Kikkoman and Lea & Perrin's are my brands of choice too. Lots of things I'll buy other brands, but for soy and worcestershire sauce - those are the only ones we buy.


----------



## uncle_lar (Feb 18, 2010)

kikoman for the soy. I usedto like la choy but switched a few years ago because I cant  get La choy in large sizes  
now i like kikoman much better
lee and perrins is my favorite worcestershire but I use frenches in my jerky once again  because I can get it in Gallon size and about 16oz is the bigest lee and perrins
yoshidas has its place on my shelf also!


----------



## beer-b-q (Feb 18, 2010)

Lea & Perrin's for Wochestershire and Yoshida's Garlic and Cracked Pepper.
	

	
	
		
		



		
		
	


	





I hate Soy Sauce.


----------



## chiwa (Mar 12, 2010)

I agree 100%.  I lived on the Big Island a couple of years, and Aloha Shoyu is the best.  Kikkoman tastes burnt to me, can't stand it.


----------



## ohiomountainman (Apr 4, 2010)

Man, I've made tons of jerky, I meen tons of the stuff. I buy soy and worcestershire by the gal. Liquid smoke by the qt. I'll use 50 to 70 lbs. of meat at a time.
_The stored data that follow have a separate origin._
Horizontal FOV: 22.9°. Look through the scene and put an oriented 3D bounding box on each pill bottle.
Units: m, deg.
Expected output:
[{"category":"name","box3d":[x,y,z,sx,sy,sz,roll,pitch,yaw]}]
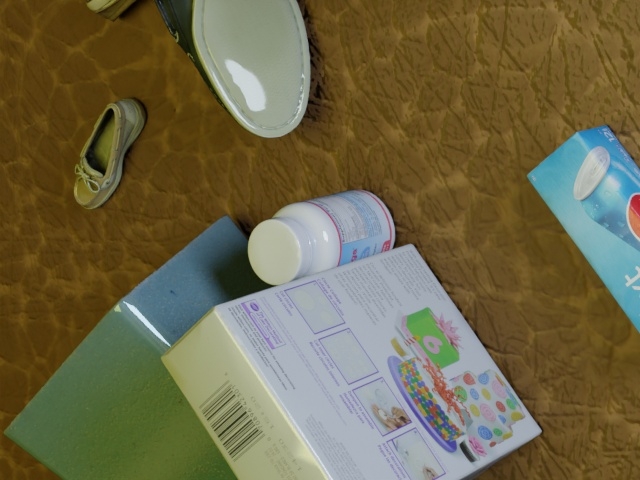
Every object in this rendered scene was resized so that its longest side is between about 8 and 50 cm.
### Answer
[{"category":"pill bottle","box3d":[0.000,0.000,1.608,0.087,0.160,0.087,8,104,35]}]

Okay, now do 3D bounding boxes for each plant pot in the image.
[{"category":"plant pot","box3d":[-0.132,0.174,1.696,0.252,0.248,0.247,45,122,1]}]

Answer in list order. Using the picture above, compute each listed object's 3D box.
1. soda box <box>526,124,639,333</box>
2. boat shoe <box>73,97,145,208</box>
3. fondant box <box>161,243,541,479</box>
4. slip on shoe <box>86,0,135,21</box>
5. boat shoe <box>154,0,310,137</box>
[{"category":"soda box","box3d":[0.287,-0.002,1.462,0.071,0.067,0.210,-43,75,33]},{"category":"boat shoe","box3d":[-0.255,-0.099,1.840,0.056,0.048,0.153,46,121,19]},{"category":"fondant box","box3d":[0.039,0.148,1.504,0.096,0.330,0.238,-43,74,35]},{"category":"slip on shoe","box3d":[-0.204,-0.291,1.774,0.135,0.051,0.041,-32,120,27]},{"category":"boat shoe","box3d":[-0.118,-0.259,1.677,0.340,0.127,0.113,63,155,0]}]

I use French's worcestershire,GFS soy and liquid smoke and mortins tender quick. I had to buy a grain mill for fresh craked pepper. This stuff is great tasting jerky. Can't give you my recipe cause I sell pounds of it every week.
 I might be wrong, but,thats what works for me and my customers keep wanting more. 
Thats my 2 cents.


----------



## guvna (Apr 14, 2010)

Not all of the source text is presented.